### Assignment
Give a verbatim copy of the data, leaving the pictures out.

--- Supplied data Enclosed Below ---

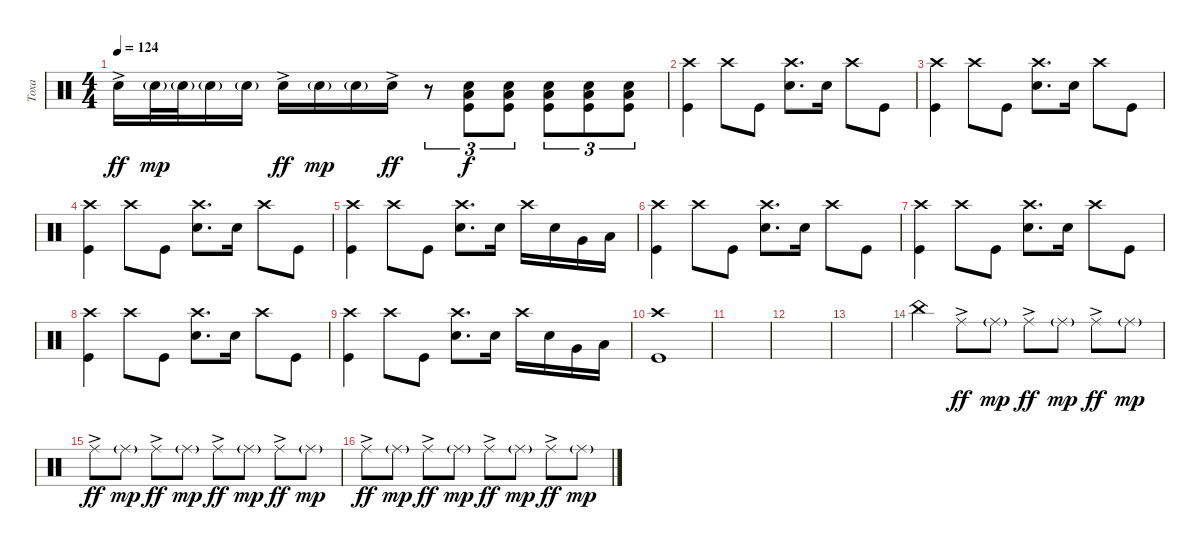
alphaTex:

\track ("Тоха" "Тоха") {instrument percussion}
\staff {score}
\articulation defaults
\ts (4 4)
\tempo 124
\clef neutral
\ks c "Snare (hit) 2"{ac}.16{dy ff} "Snare (hit) 2"{g}.32{dy mp} "Snare (hit) 2"{g}.32 "Snare (hit) 2"{g}.16 "Snare (hit) 2"{g}.16 "Snare (hit) 2"{ac}.16{dy ff} "Snare (hit) 2"{g}.16{dy mp} "Snare (hit) 2"{g}.16 "Snare (hit) 2"{ac}.16{dy ff}
r.8{tu (3 2)} ("Kick (hit)" "Snare (hit) 2" "Low Floor Tom (hit)").8{tu (3 2) dy f} ("Kick (hit)" "Snare (hit) 2" "Low Floor Tom (hit)").8{tu (3 2)} ("Kick (hit)" "Snare (hit) 2" "Low Floor Tom (hit)").8{tu (3 2)} ("Kick (hit)" "Snare (hit) 2" "Low Floor Tom (hit)").8{tu (3 2)} ("Kick (hit)" "Snare (hit) 2" "Low Floor Tom (hit)").8{tu (3 2)} |
("Kick (hit)" "Crash high (hit)").4 "Crash high (hit)".8 "Kick (hit)".8 ("Snare (hit) 2" "Crash high (hit)").8{d} "Snare (hit) 2".16 "Crash high (hit)".8 "Kick (hit)".8 |
("Kick (hit)" "Crash high (hit)").4 "Crash high (hit)".8 "Kick (hit)".8 ("Snare (hit) 2" "Crash high (hit)").8{d} "Snare (hit) 2".16 "Crash high (hit)".8 "Kick (hit)".8 |
("Kick (hit)" "Crash high (hit)").4 "Crash high (hit)".8 "Kick (hit)".8 ("Snare (hit) 2" "Crash high (hit)").8{d} "Snare (hit) 2".16 "Crash high (hit)".8 "Kick (hit)".8 |
("Kick (hit)" "Crash high (hit)").4 "Crash high (hit)".8 "Kick (hit)".8 ("Snare (hit) 2" "Crash high (hit)").8{d} "Snare (hit) 2".16 "Crash high (hit)".16 "Snare (hit) 2".16 "Very Low Tom (hit)".16 "Low Floor Tom (hit)".16 |
("Kick (hit)" "Crash high (hit)").4 "Crash high (hit)".8 "Kick (hit)".8 ("Snare (hit) 2" "Crash high (hit)").8{d} "Snare (hit) 2".16 "Crash high (hit)".8 "Kick (hit)".8 |
("Kick (hit)" "Crash high (hit)").4 "Crash high (hit)".8 "Kick (hit)".8 ("Snare (hit) 2" "Crash high (hit)").8{d} "Snare (hit) 2".16 "Crash high (hit)".8 "Kick (hit)".8 |
("Kick (hit)" "Crash high (hit)").4 "Crash high (hit)".8 "Kick (hit)".8 ("Snare (hit) 2" "Crash high (hit)").8{d} "Snare (hit) 2".16 "Crash high (hit)".8 "Kick (hit)".8 |
("Kick (hit)" "Crash high (hit)").4 "Crash high (hit)".8 "Kick (hit)".8 ("Snare (hit) 2" "Crash high (hit)").8{d} "Snare (hit) 2".16 "Crash high (hit)".16 "Snare (hit) 2".16 "Very Low Tom (hit)".16 "Low Floor Tom (hit)".16 |
("Kick (hit)" "Crash high (hit)").1 |
|
|
|
"China (hit)".4 "Ride (middle)"{ac}.8{dy ff} "Ride (middle)"{g}.8{dy mp} "Ride (middle)"{ac}.8{dy ff} "Ride (middle)"{g}.8{dy mp} "Ride (middle)"{ac}.8{dy ff} "Ride (middle)"{g}.8{dy mp} |
"Ride (middle)"{ac}.8{dy ff} "Ride (middle)"{g}.8{dy mp} "Ride (middle)"{ac}.8{dy ff} "Ride (middle)"{g}.8{dy mp} "Ride (middle)"{ac}.8{dy ff} "Ride (middle)"{g}.8{dy mp} "Ride (middle)"{ac}.8{dy ff} "Ride (middle)"{g}.8{dy mp} |
"Ride (middle)"{ac}.8{dy ff} "Ride (middle)"{g}.8{dy mp} "Ride (middle)"{ac}.8{dy ff} "Ride (middle)"{g}.8{dy mp} "Ride (middle)"{ac}.8{dy ff} "Ride (middle)"{g}.8{dy mp} "Ride (middle)"{ac}.8{dy ff} "Ride (middle)"{g}.8{dy mp}

--- End of Enclosed Supplied data ---

### Result for this task
alphaTex:

\track ("Тоха" "Тоха") {instrument percussion}
\staff {score}
\articulation defaults
\ts (4 4)
\tempo 124
\clef neutral
\ks c "Snare (hit) 2"{ac}.16{dy ff} "Snare (hit) 2"{g}.32{dy mp} "Snare (hit) 2"{g}.32 "Snare (hit) 2"{g}.16 "Snare (hit) 2"{g}.16 "Snare (hit) 2"{ac}.16{dy ff} "Snare (hit) 2"{g}.16{dy mp} "Snare (hit) 2"{g}.16 "Snare (hit) 2"{ac}.16{dy ff}
r.8{tu (3 2)} ("Kick (hit)" "Snare (hit) 2" "Low Floor Tom (hit)").8{tu (3 2) dy f} ("Kick (hit)" "Snare (hit) 2" "Low Floor Tom (hit)").8{tu (3 2)} ("Kick (hit)" "Snare (hit) 2" "Low Floor Tom (hit)").8{tu (3 2)} ("Kick (hit)" "Snare (hit) 2" "Low Floor Tom (hit)").8{tu (3 2)} ("Kick (hit)" "Snare (hit) 2" "Low Floor Tom (hit)").8{tu (3 2)} |
("Kick (hit)" "Crash high (hit)").4 "Crash high (hit)".8 "Kick (hit)".8 ("Snare (hit) 2" "Crash high (hit)").8{d} "Snare (hit) 2".16 "Crash high (hit)".8 "Kick (hit)".8 |
("Kick (hit)" "Crash high (hit)").4 "Crash high (hit)".8 "Kick (hit)".8 ("Snare (hit) 2" "Crash high (hit)").8{d} "Snare (hit) 2".16 "Crash high (hit)".8 "Kick (hit)".8 |
("Kick (hit)" "Crash high (hit)").4 "Crash high (hit)".8 "Kick (hit)".8 ("Snare (hit) 2" "Crash high (hit)").8{d} "Snare (hit) 2".16 "Crash high (hit)".8 "Kick (hit)".8 |
("Kick (hit)" "Crash high (hit)").4 "Crash high (hit)".8 "Kick (hit)".8 ("Snare (hit) 2" "Crash high (hit)").8{d} "Snare (hit) 2".16 "Crash high (hit)".16 "Snare (hit) 2".16 "Very Low Tom (hit)".16 "Low Floor Tom (hit)".16 |
("Kick (hit)" "Crash high (hit)").4 "Crash high (hit)".8 "Kick (hit)".8 ("Snare (hit) 2" "Crash high (hit)").8{d} "Snare (hit) 2".16 "Crash high (hit)".8 "Kick (hit)".8 |
("Kick (hit)" "Crash high (hit)").4 "Crash high (hit)".8 "Kick (hit)".8 ("Snare (hit) 2" "Crash high (hit)").8{d} "Snare (hit) 2".16 "Crash high (hit)".8 "Kick (hit)".8 |
("Kick (hit)" "Crash high (hit)").4 "Crash high (hit)".8 "Kick (hit)".8 ("Snare (hit) 2" "Crash high (hit)").8{d} "Snare (hit) 2".16 "Crash high (hit)".8 "Kick (hit)".8 |
("Kick (hit)" "Crash high (hit)").4 "Crash high (hit)".8 "Kick (hit)".8 ("Snare (hit) 2" "Crash high (hit)").8{d} "Snare (hit) 2".16 "Crash high (hit)".16 "Snare (hit) 2".16 "Very Low Tom (hit)".16 "Low Floor Tom (hit)".16 |
("Kick (hit)" "Crash high (hit)").1 |
|
|
|
"China (hit)".4 "Ride (middle)"{ac}.8{dy ff} "Ride (middle)"{g}.8{dy mp} "Ride (middle)"{ac}.8{dy ff} "Ride (middle)"{g}.8{dy mp} "Ride (middle)"{ac}.8{dy ff} "Ride (middle)"{g}.8{dy mp} |
"Ride (middle)"{ac}.8{dy ff} "Ride (middle)"{g}.8{dy mp} "Ride (middle)"{ac}.8{dy ff} "Ride (middle)"{g}.8{dy mp} "Ride (middle)"{ac}.8{dy ff} "Ride (middle)"{g}.8{dy mp} "Ride (middle)"{ac}.8{dy ff} "Ride (middle)"{g}.8{dy mp} |
"Ride (middle)"{ac}.8{dy ff} "Ride (middle)"{g}.8{dy mp} "Ride (middle)"{ac}.8{dy ff} "Ride (middle)"{g}.8{dy mp} "Ride (middle)"{ac}.8{dy ff} "Ride (middle)"{g}.8{dy mp} "Ride (middle)"{ac}.8{dy ff} "Ride (middle)"{g}.8{dy mp}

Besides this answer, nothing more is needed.